#### TASK GOAL
Pictures are not part of the answer. Return the lines from the one containing "Task: Select the" through the end of the data, both included, exactly as they appear.

··· EXERCISE MATERIALS ···

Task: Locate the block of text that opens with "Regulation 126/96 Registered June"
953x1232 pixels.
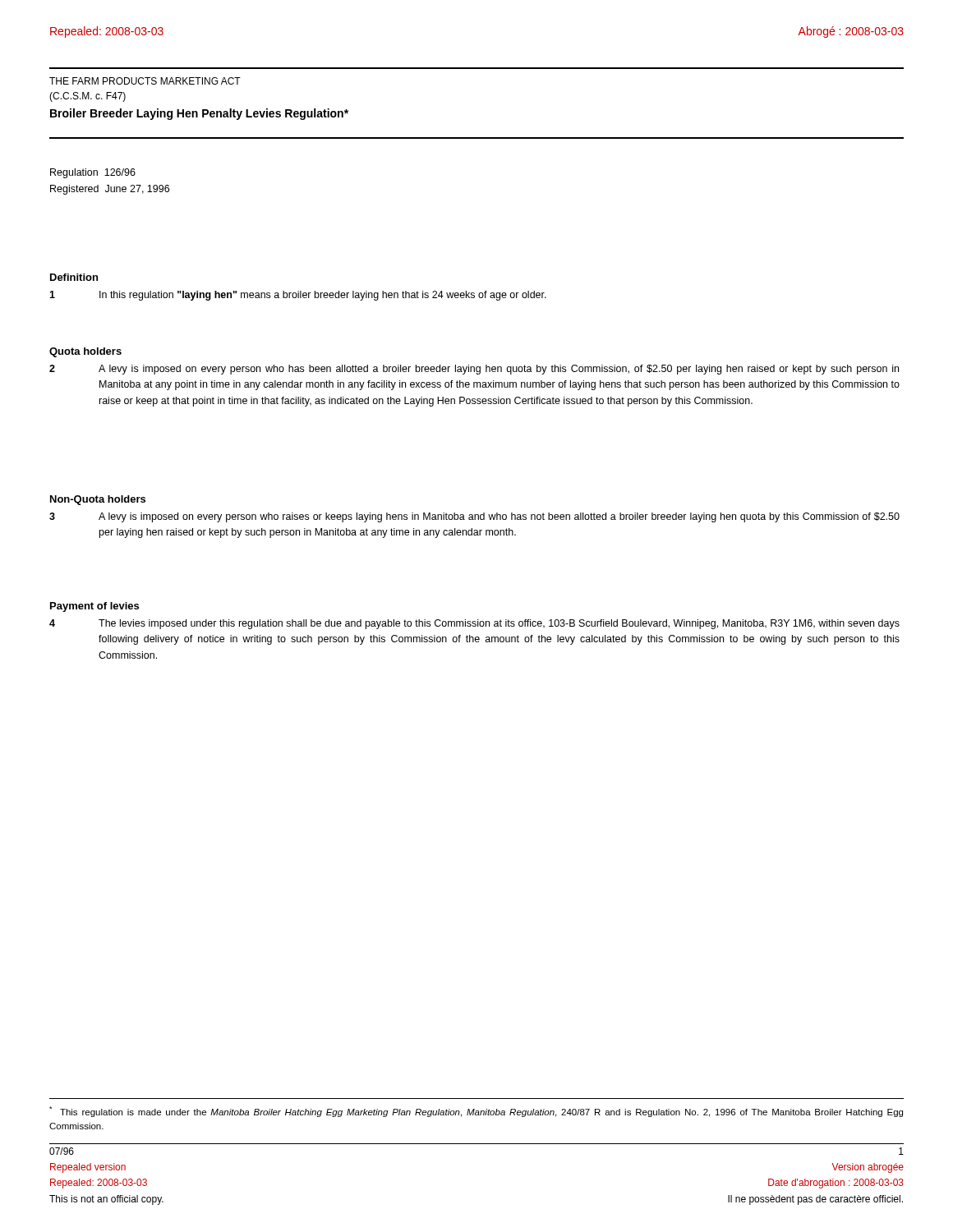Action: (109, 181)
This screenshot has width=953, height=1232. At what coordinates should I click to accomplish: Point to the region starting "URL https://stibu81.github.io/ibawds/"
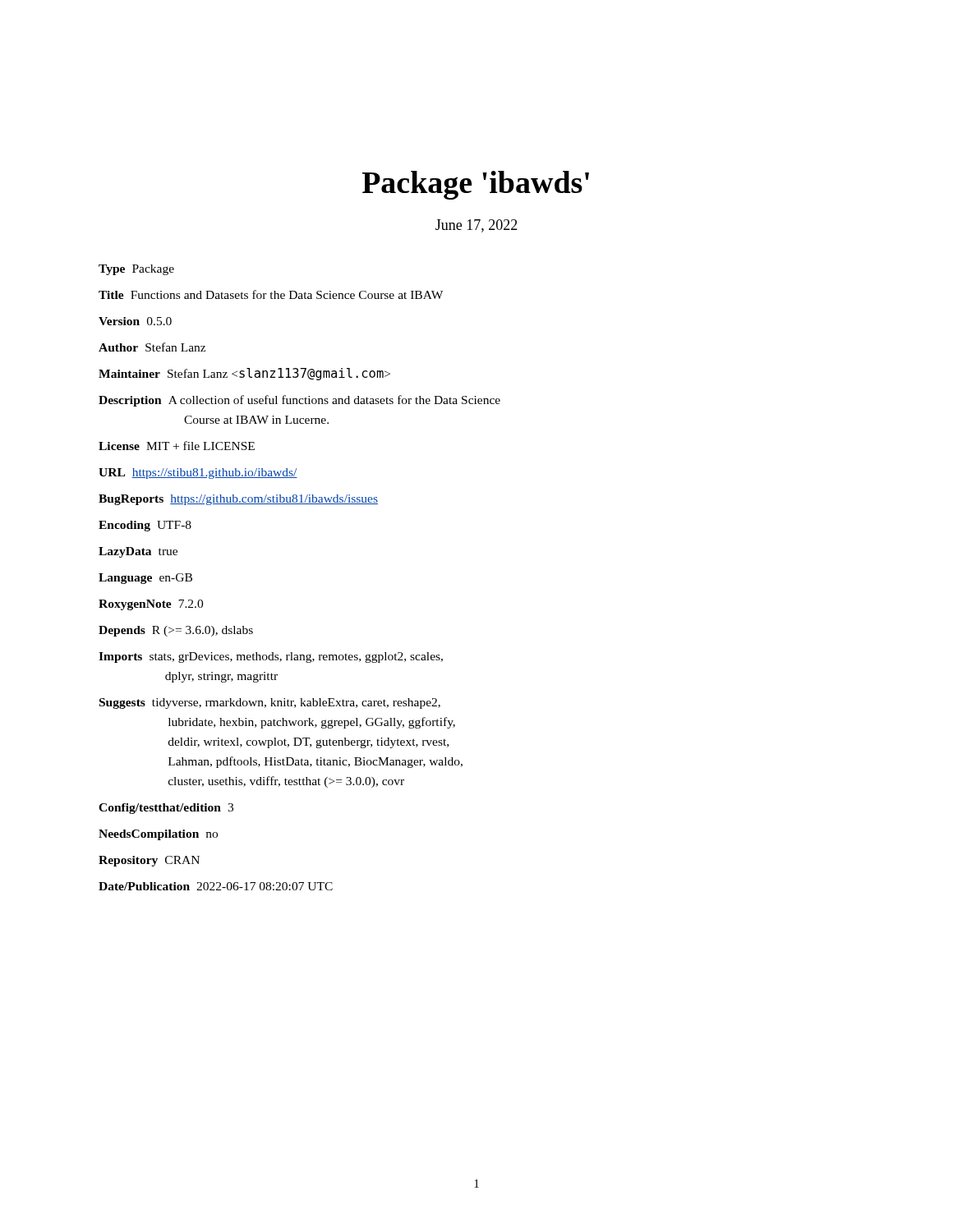point(198,472)
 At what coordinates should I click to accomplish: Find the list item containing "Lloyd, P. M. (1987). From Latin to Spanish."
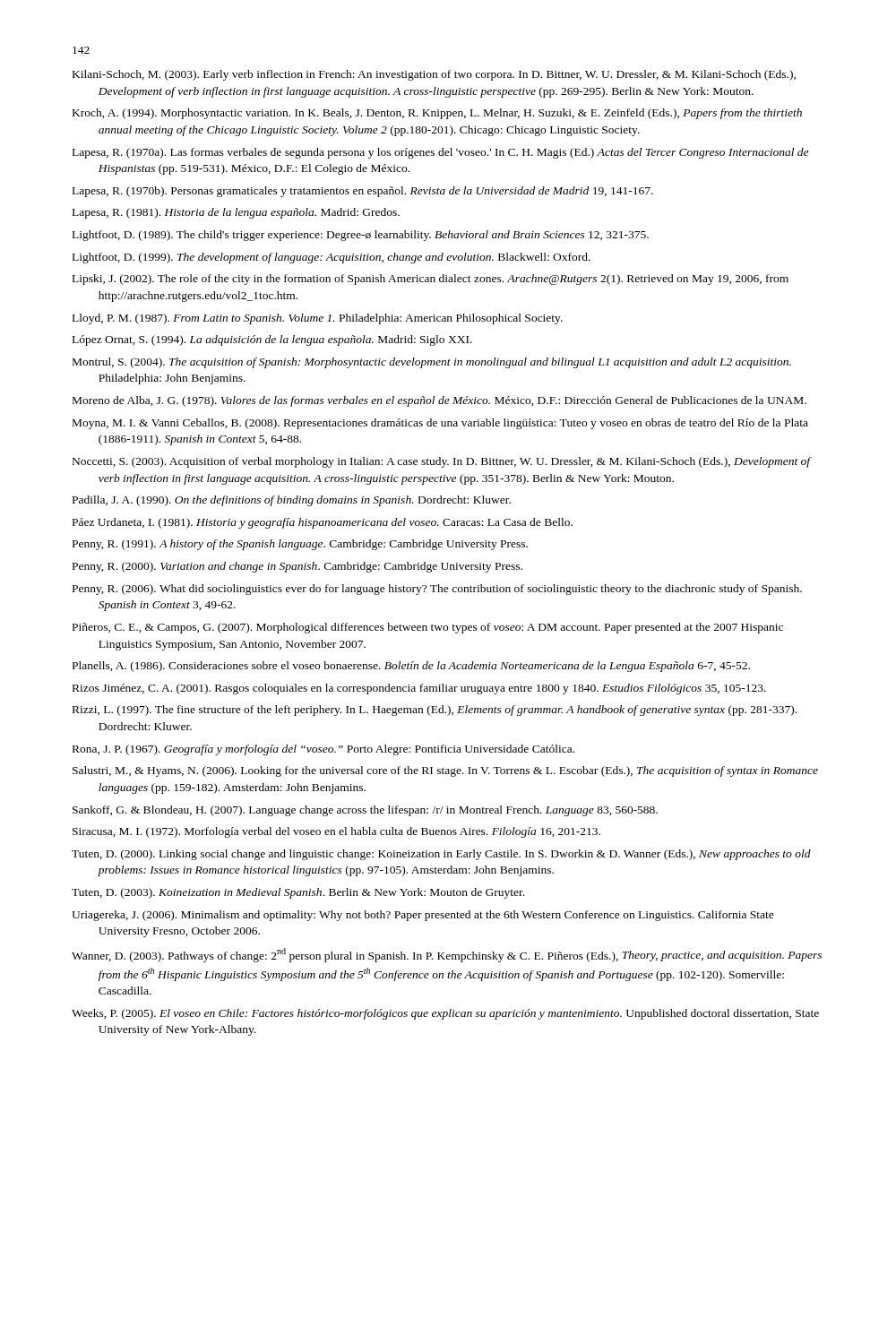(x=317, y=317)
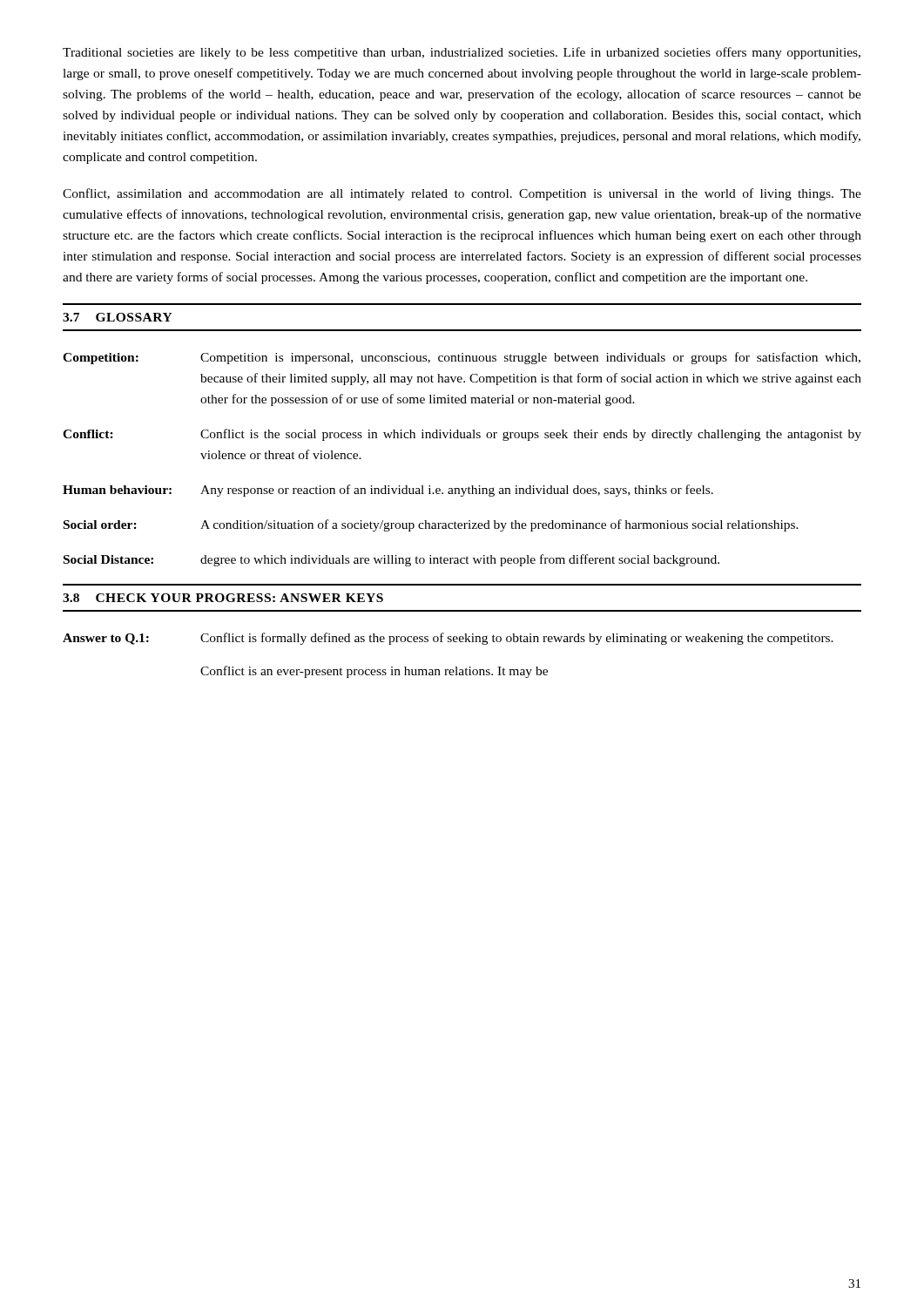Locate the block of text that opens with "Conflict: Conflict is the social"
Screen dimensions: 1307x924
pos(462,445)
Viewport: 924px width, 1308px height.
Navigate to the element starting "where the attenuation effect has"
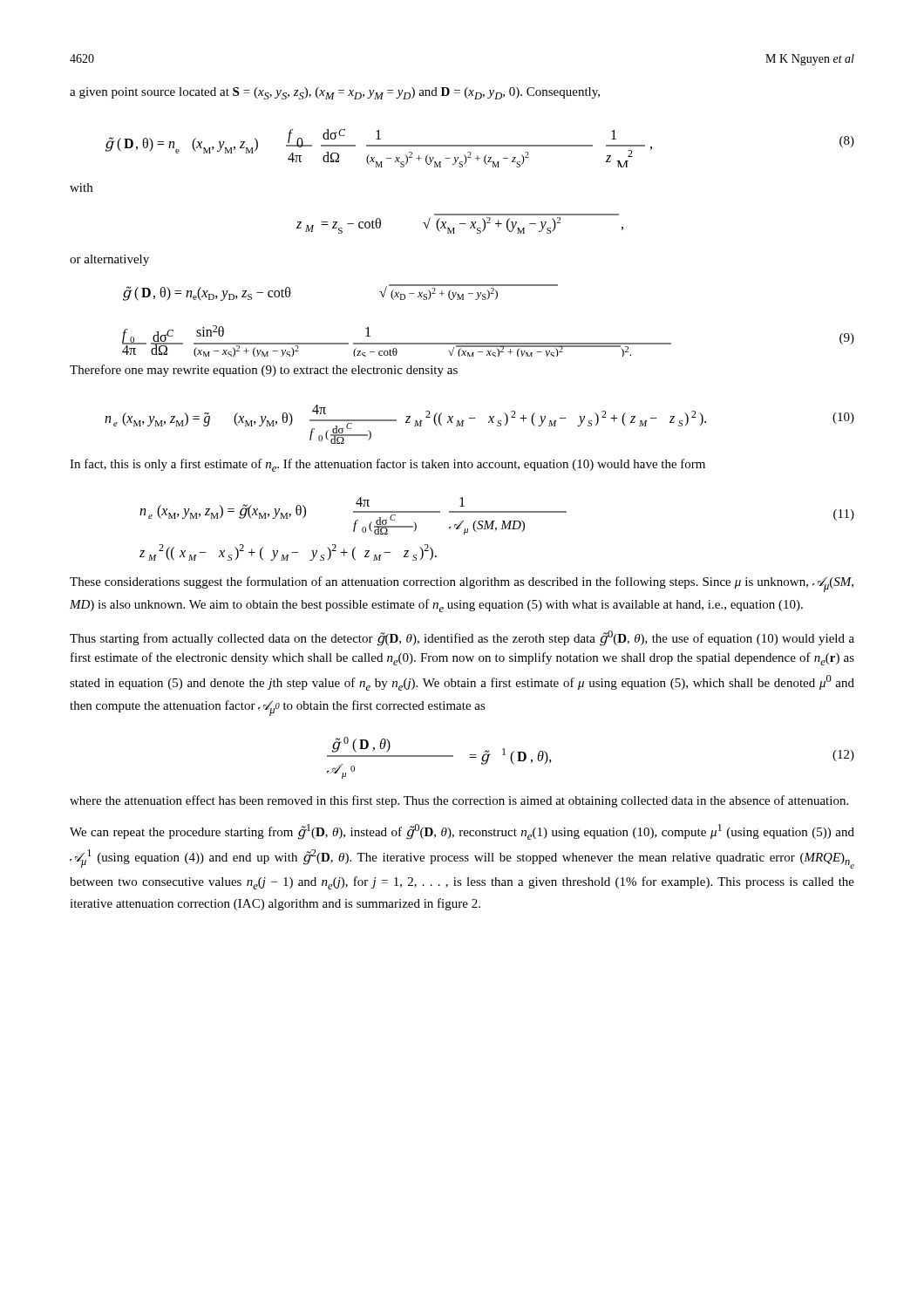(462, 801)
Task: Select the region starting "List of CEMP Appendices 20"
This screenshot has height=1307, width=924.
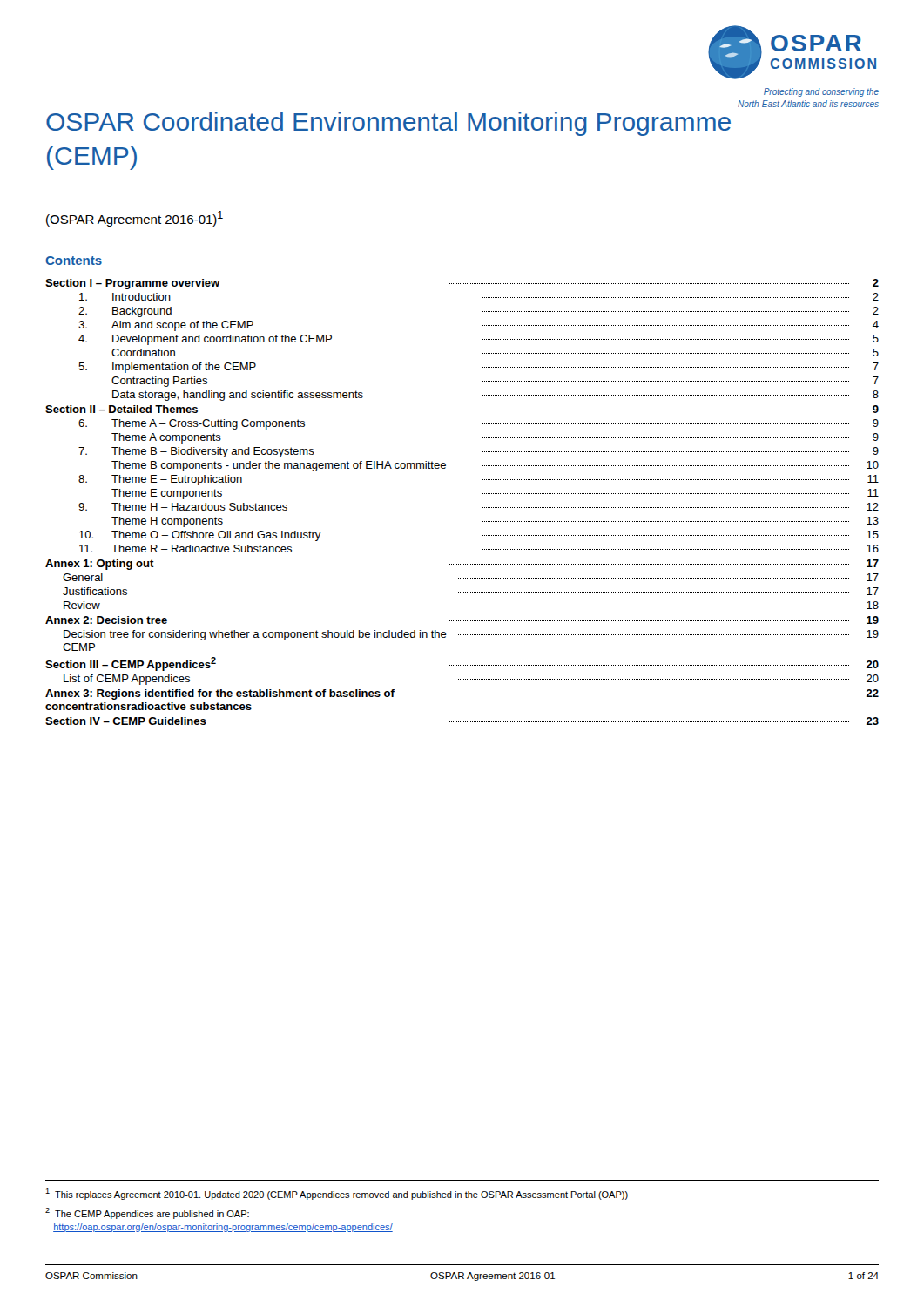Action: point(471,679)

···

#### SOLUTION FOR THIS PROBLEM
Task: Select the region starting "List of CEMP Appendices 20"
This screenshot has height=1307, width=924.
Action: point(471,679)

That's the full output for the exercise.